Referring to FIG. 6, which shows a single plan view of a vertebra 101, it is known in the art that interbody devices can be inserted from several directions (indicated by arrowed lines) including posterior interlaminar approaches on both sides A, B, transforaminal or partially lateral approaches C, D, anterior approaches E, and straight lateral approaches F.
Though vertebral defect devices have proven useful in the lumbar or thoracic spine 104, 106, posterior and transforaminal placement (A, B, C, D) of any device is too dangerous in the cervical spine 102. Some cylindrical bone grafts and devices have also been associated with increased subsidence and kyphotic deformities, particularly in the cervical area. Subsidence is the sinking of devices or structural bone grafts into adjacent vertebral bodies.
Interbody devices have been constructed with polymers such as PEEK and carbon fiber/PEEK combinations. These devices have the advantage of minimal interference with future imaging studies whether by x-ray, CT scan, or MRI scan. Such devices usually have simple implanted metal markers in front and back to allow limited visualization of their position with x-rays or the like. Such devices are made with thick, vertically straight walls to provide support strength, but once they subside a small amount the straight walls offer no effective resistance to excessive subsidence. The surface area provided for fusion is also limited by the thick walls. Polymer material in current use does not allow construction of sharp edges and fixation elements and does not allow for varied shapes which might solve many of the problems with subsidence.

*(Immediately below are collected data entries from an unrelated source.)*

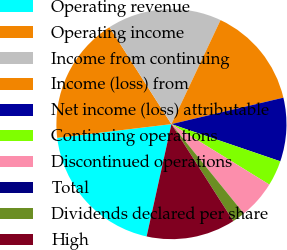<chart> <loc_0><loc_0><loc_500><loc_500><pie_chart><fcel>Operating revenue<fcel>Operating income<fcel>Income from continuing<fcel>Income (loss) from<fcel>Net income (loss) attributable<fcel>Continuing operations<fcel>Discontinued operations<fcel>Total<fcel>Dividends declared per share<fcel>High<nl><fcel>19.64%<fcel>17.86%<fcel>16.07%<fcel>14.29%<fcel>8.93%<fcel>3.57%<fcel>5.36%<fcel>0.0%<fcel>1.79%<fcel>12.5%<nl></chart> 
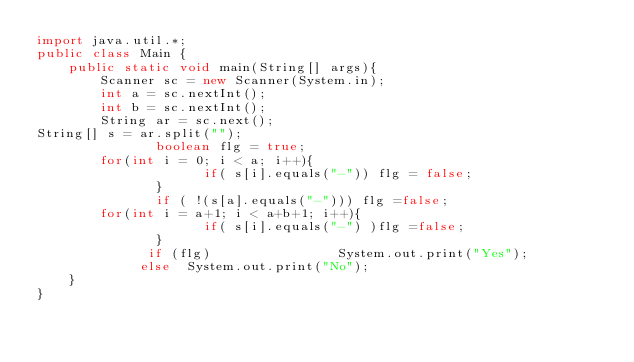<code> <loc_0><loc_0><loc_500><loc_500><_Java_>import java.util.*;
public class Main {
	public static void main(String[] args){
		Scanner sc = new Scanner(System.in);
		int a = sc.nextInt();
		int b = sc.nextInt();
		String ar = sc.next();
String[] s = ar.split("");
               boolean flg = true;
		for(int i = 0; i < a; i++){
                     if( s[i].equals("-")) flg = false;
               }
               if ( !(s[a].equals("-"))) flg =false;
		for(int i = a+1; i < a+b+1; i++){
                     if( s[i].equals("-") )flg =false;
               }
              if (flg)                System.out.print("Yes");
             else  System.out.print("No");
	}
}
</code> 
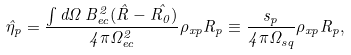<formula> <loc_0><loc_0><loc_500><loc_500>\hat { \eta } _ { p } = \frac { \int d \Omega \, B _ { e c } ^ { 2 } ( \hat { R } - \hat { R _ { 0 } } ) } { 4 \pi \Omega _ { e c } ^ { 2 } } \rho _ { x p } R _ { p } \equiv \frac { s _ { p } } { 4 \pi \Omega _ { s q } } \rho _ { x p } R _ { p } ,</formula> 
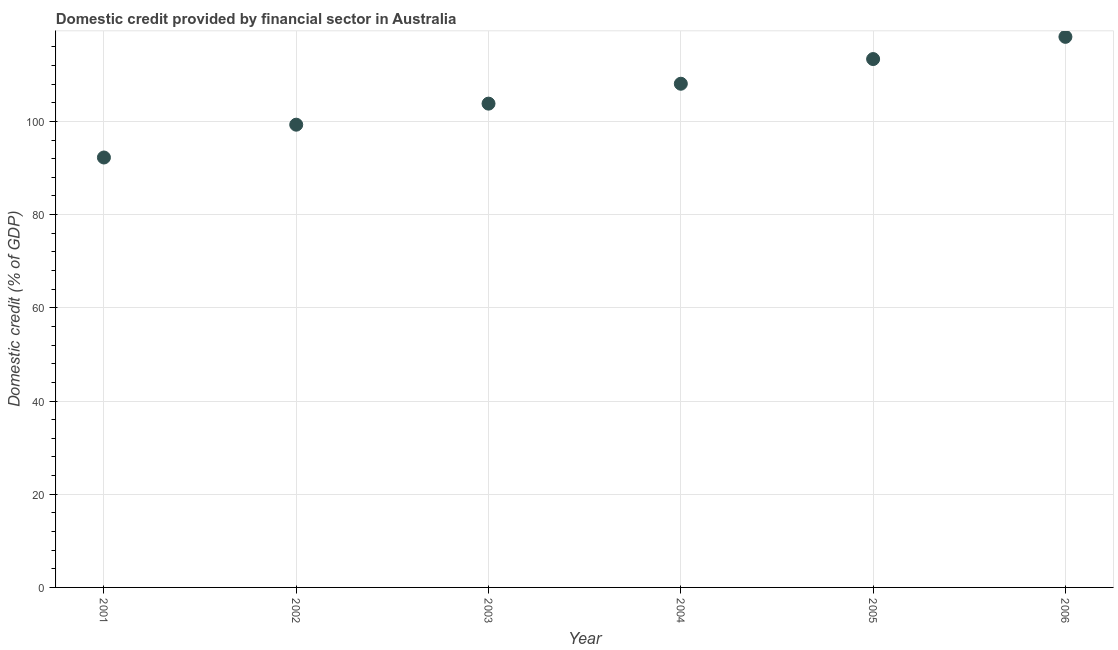What is the domestic credit provided by financial sector in 2003?
Provide a succinct answer. 103.81. Across all years, what is the maximum domestic credit provided by financial sector?
Provide a succinct answer. 118.14. Across all years, what is the minimum domestic credit provided by financial sector?
Ensure brevity in your answer.  92.25. In which year was the domestic credit provided by financial sector minimum?
Your answer should be very brief. 2001. What is the sum of the domestic credit provided by financial sector?
Give a very brief answer. 634.94. What is the difference between the domestic credit provided by financial sector in 2003 and 2006?
Keep it short and to the point. -14.33. What is the average domestic credit provided by financial sector per year?
Provide a succinct answer. 105.82. What is the median domestic credit provided by financial sector?
Provide a short and direct response. 105.94. What is the ratio of the domestic credit provided by financial sector in 2003 to that in 2006?
Offer a very short reply. 0.88. Is the domestic credit provided by financial sector in 2003 less than that in 2004?
Give a very brief answer. Yes. Is the difference between the domestic credit provided by financial sector in 2002 and 2004 greater than the difference between any two years?
Keep it short and to the point. No. What is the difference between the highest and the second highest domestic credit provided by financial sector?
Ensure brevity in your answer.  4.76. What is the difference between the highest and the lowest domestic credit provided by financial sector?
Your response must be concise. 25.89. How many dotlines are there?
Your response must be concise. 1. What is the difference between two consecutive major ticks on the Y-axis?
Keep it short and to the point. 20. Are the values on the major ticks of Y-axis written in scientific E-notation?
Give a very brief answer. No. What is the title of the graph?
Ensure brevity in your answer.  Domestic credit provided by financial sector in Australia. What is the label or title of the Y-axis?
Give a very brief answer. Domestic credit (% of GDP). What is the Domestic credit (% of GDP) in 2001?
Keep it short and to the point. 92.25. What is the Domestic credit (% of GDP) in 2002?
Your response must be concise. 99.29. What is the Domestic credit (% of GDP) in 2003?
Provide a succinct answer. 103.81. What is the Domestic credit (% of GDP) in 2004?
Provide a short and direct response. 108.08. What is the Domestic credit (% of GDP) in 2005?
Give a very brief answer. 113.37. What is the Domestic credit (% of GDP) in 2006?
Keep it short and to the point. 118.14. What is the difference between the Domestic credit (% of GDP) in 2001 and 2002?
Ensure brevity in your answer.  -7.04. What is the difference between the Domestic credit (% of GDP) in 2001 and 2003?
Give a very brief answer. -11.56. What is the difference between the Domestic credit (% of GDP) in 2001 and 2004?
Provide a succinct answer. -15.83. What is the difference between the Domestic credit (% of GDP) in 2001 and 2005?
Make the answer very short. -21.12. What is the difference between the Domestic credit (% of GDP) in 2001 and 2006?
Your answer should be very brief. -25.89. What is the difference between the Domestic credit (% of GDP) in 2002 and 2003?
Your answer should be compact. -4.52. What is the difference between the Domestic credit (% of GDP) in 2002 and 2004?
Provide a succinct answer. -8.79. What is the difference between the Domestic credit (% of GDP) in 2002 and 2005?
Provide a short and direct response. -14.08. What is the difference between the Domestic credit (% of GDP) in 2002 and 2006?
Provide a short and direct response. -18.85. What is the difference between the Domestic credit (% of GDP) in 2003 and 2004?
Make the answer very short. -4.27. What is the difference between the Domestic credit (% of GDP) in 2003 and 2005?
Offer a very short reply. -9.56. What is the difference between the Domestic credit (% of GDP) in 2003 and 2006?
Provide a short and direct response. -14.33. What is the difference between the Domestic credit (% of GDP) in 2004 and 2005?
Give a very brief answer. -5.3. What is the difference between the Domestic credit (% of GDP) in 2004 and 2006?
Provide a succinct answer. -10.06. What is the difference between the Domestic credit (% of GDP) in 2005 and 2006?
Offer a terse response. -4.76. What is the ratio of the Domestic credit (% of GDP) in 2001 to that in 2002?
Keep it short and to the point. 0.93. What is the ratio of the Domestic credit (% of GDP) in 2001 to that in 2003?
Ensure brevity in your answer.  0.89. What is the ratio of the Domestic credit (% of GDP) in 2001 to that in 2004?
Provide a succinct answer. 0.85. What is the ratio of the Domestic credit (% of GDP) in 2001 to that in 2005?
Your response must be concise. 0.81. What is the ratio of the Domestic credit (% of GDP) in 2001 to that in 2006?
Keep it short and to the point. 0.78. What is the ratio of the Domestic credit (% of GDP) in 2002 to that in 2003?
Your answer should be very brief. 0.96. What is the ratio of the Domestic credit (% of GDP) in 2002 to that in 2004?
Your answer should be compact. 0.92. What is the ratio of the Domestic credit (% of GDP) in 2002 to that in 2005?
Offer a very short reply. 0.88. What is the ratio of the Domestic credit (% of GDP) in 2002 to that in 2006?
Your response must be concise. 0.84. What is the ratio of the Domestic credit (% of GDP) in 2003 to that in 2004?
Your response must be concise. 0.96. What is the ratio of the Domestic credit (% of GDP) in 2003 to that in 2005?
Keep it short and to the point. 0.92. What is the ratio of the Domestic credit (% of GDP) in 2003 to that in 2006?
Give a very brief answer. 0.88. What is the ratio of the Domestic credit (% of GDP) in 2004 to that in 2005?
Make the answer very short. 0.95. What is the ratio of the Domestic credit (% of GDP) in 2004 to that in 2006?
Offer a very short reply. 0.92.

In the cervical spine 102, it is known in the art that the addition of an anterior plate will limit subsidence and kyphotic deformity, but this adds cost and is not always successful. Complications such as backing out of fixation screws and screw and plate breakage have been significant problems. Anterior plates are difficult to install if more than two disk levels are fused, and may add to dysphagia. In addition, such a plate occupies much of the anterior surface of the superior and inferior vertebral bodies, and there is data to suggest that proximity of the plate to the adjacent disks promotes more rapid degenerative changes. If surgery is required at an adjacent level, it is almost always necessary to remove the plate to perform the surgery, which increases complexity and morbidity when further surgery is required.
It is therefore desirable to provide a cervical fixation device designed to achieve rapid fixation while preventing excessive subsidence. The device should eliminate the need for ancillary stabilization devices such as anterior cervical plates and should be completely or nearly completely contained within the confines of the disk space. The device should have excellent support strength, but limit the amount of interference with future imaging studies.